KCNA/EPA via Shutterstock

NORTH KOREA OUTMANEUVERS AMERICA

On Thursday South Korea’s president Moon Jae-in called President Trump to inform him that South Korea intends to send a special envoy to North Korea to carry on talks started at the winter Olympics.

The White House read-out of the phone call made no mention of the envoy, instead re-stating the U.S. position that “any dialogue with North Korea must be conducted with the explicit and unwavering goal of complete, verifiable, and irreversible denuclearization.”

Earlier this week Moon’s office quoted the South Korean president as saying that “there is a need for the United States to lower the threshold for talks with North Korea, and North Korea should show it is willing to denuclearize. It’s important the United States and North Korea sit down together quickly.”

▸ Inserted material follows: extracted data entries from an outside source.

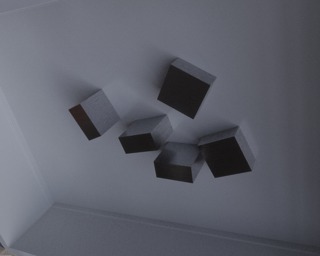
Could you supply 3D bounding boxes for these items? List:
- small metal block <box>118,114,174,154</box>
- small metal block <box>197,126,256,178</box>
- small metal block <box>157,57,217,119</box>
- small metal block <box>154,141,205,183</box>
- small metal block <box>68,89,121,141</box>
[{"bbox_3d":[-0.018,0.008,0.407,0.050,0.050,0.025,-9,114,32],"label":"small metal block"},{"bbox_3d":[0.083,0.031,0.384,0.050,0.025,0.050,-18,109,35],"label":"small metal block"},{"bbox_3d":[0.031,-0.046,0.364,0.050,0.025,0.050,30,128,9],"label":"small metal block"},{"bbox_3d":[0.027,0.043,0.405,0.050,0.050,0.025,5,121,25],"label":"small metal block"},{"bbox_3d":[-0.089,-0.019,0.428,0.025,0.050,0.050,-20,108,36],"label":"small metal block"}]
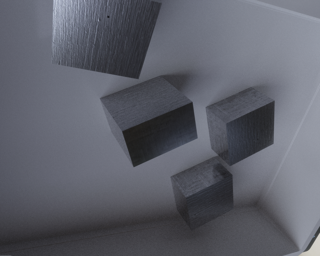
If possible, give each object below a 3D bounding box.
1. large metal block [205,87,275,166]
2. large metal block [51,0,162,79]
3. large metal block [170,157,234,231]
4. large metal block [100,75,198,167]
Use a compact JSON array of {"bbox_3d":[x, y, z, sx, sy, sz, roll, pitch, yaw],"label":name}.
[{"bbox_3d":[0.120,-0.003,0.459,0.081,0.050,0.080,-25,128,-14],"label":"large metal block"},{"bbox_3d":[-0.049,-0.097,0.276,0.081,0.050,0.079,8,138,-14],"label":"large metal block"},{"bbox_3d":[0.069,0.105,0.498,0.081,0.050,0.080,-23,127,-15],"label":"large metal block"},{"bbox_3d":[-0.014,-0.012,0.360,0.081,0.080,0.050,-23,127,-15],"label":"large metal block"}]
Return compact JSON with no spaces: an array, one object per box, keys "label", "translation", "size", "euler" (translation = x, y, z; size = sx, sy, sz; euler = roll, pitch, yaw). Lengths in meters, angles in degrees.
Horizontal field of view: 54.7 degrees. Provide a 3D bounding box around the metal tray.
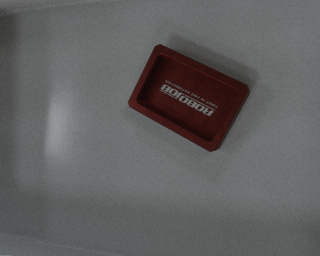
[{"label":"metal tray","translation":[0.035,-0.039,0.394],"size":[0.130,0.030,0.090],"euler":[30,99,17]}]
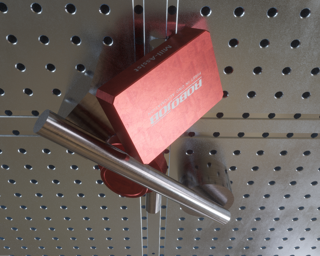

At a meeting with state governors at the White House, President Trump said “they want to talk. We want to talk also, only under the right conditions. Otherwise we’re not talking. We’ll see what happens. That’s my attitude, we’ll see what happens.”

For its part, North Korea has always flatly rejected any discussion of its nuclear weapons, which it sees as its only protection against an American invasion.

If nuclear weapons aren’t part of the discussion when South Korea’s envoy goes to Pyongyang, the return to a more normal level of diplomatic activity could simply serve to legitimize North Korean leader Kim Jong Un, even as his regime forges ahead with its ambitious nuclear weapons program.

Time is on Kim’s side. The longer he waits, the closer he gets to building a weapon powerful enough to make military action more problematic -if not impossible. And now with Trump’s trade policies causing new friction between Washington and Seoul, he like Trump has every incentive to wait and “see what happens”.

As Kim maneuvers to crack the alliance open, the State Department has lost one of its most experienced Korea experts, U.S. Special Representative for North Korea policy Joseph Yun, who unexpectedly announced his retirement. His last day was Friday.